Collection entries
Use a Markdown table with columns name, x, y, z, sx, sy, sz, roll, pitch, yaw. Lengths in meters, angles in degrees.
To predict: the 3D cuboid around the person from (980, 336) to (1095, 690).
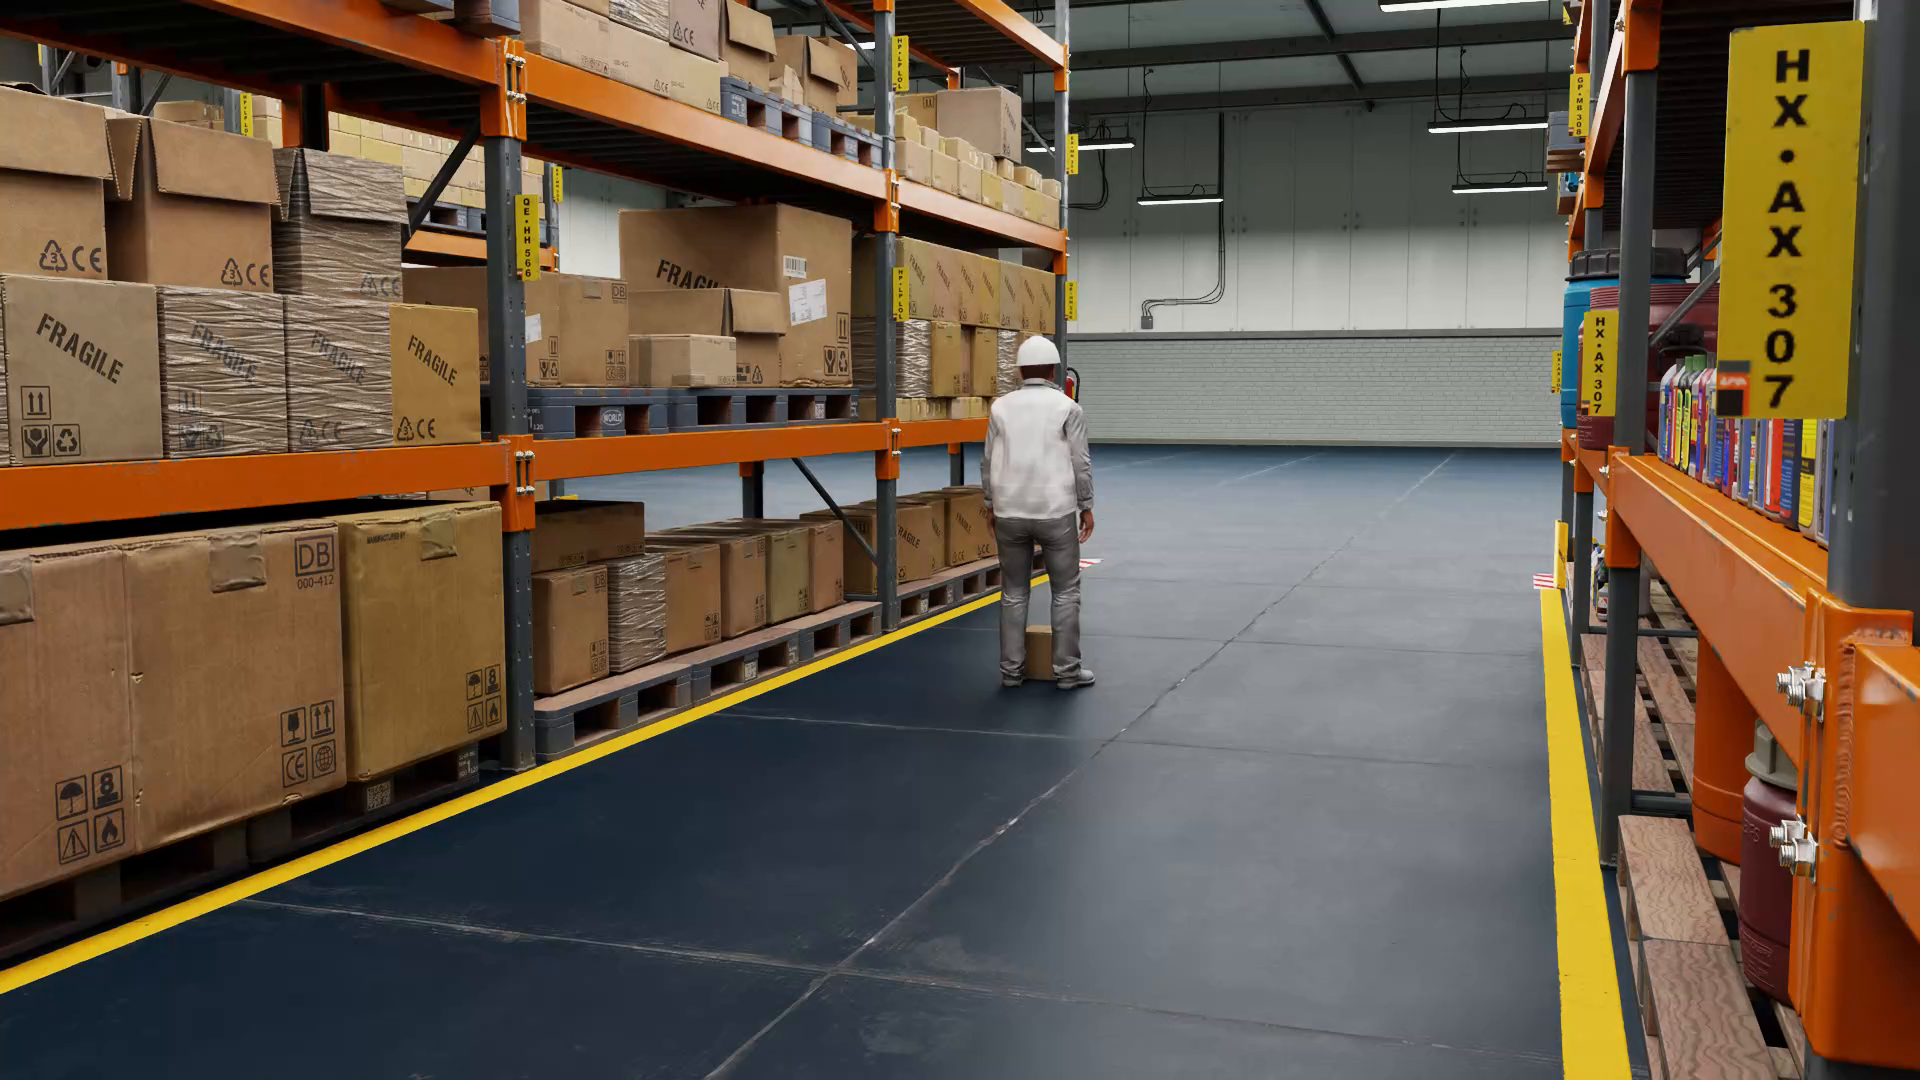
| name | x | y | z | sx | sy | sz | roll | pitch | yaw |
| --- | --- | --- | --- | --- | --- | --- | --- | --- | --- |
| person | 0.394 | -0.143 | 8.419 | 0.580 | 1.771 | 0.461 | 2 | 5 | 19 |

:: Task objective ::
When you repeat the data, keep every line exact and drop the images.

:: Answer for this exercise ::
Use a Markdown table with columns name, x, y, z, sx, sy, sz, roll, pitch, yaw. Lengths in meters, angles in degrees.
To predict: the 3D cuboid around the person from (980, 336) to (1095, 690).
| name | x | y | z | sx | sy | sz | roll | pitch | yaw |
| --- | --- | --- | --- | --- | --- | --- | --- | --- | --- |
| person | 0.394 | -0.143 | 8.419 | 0.580 | 1.771 | 0.461 | 2 | 5 | 19 |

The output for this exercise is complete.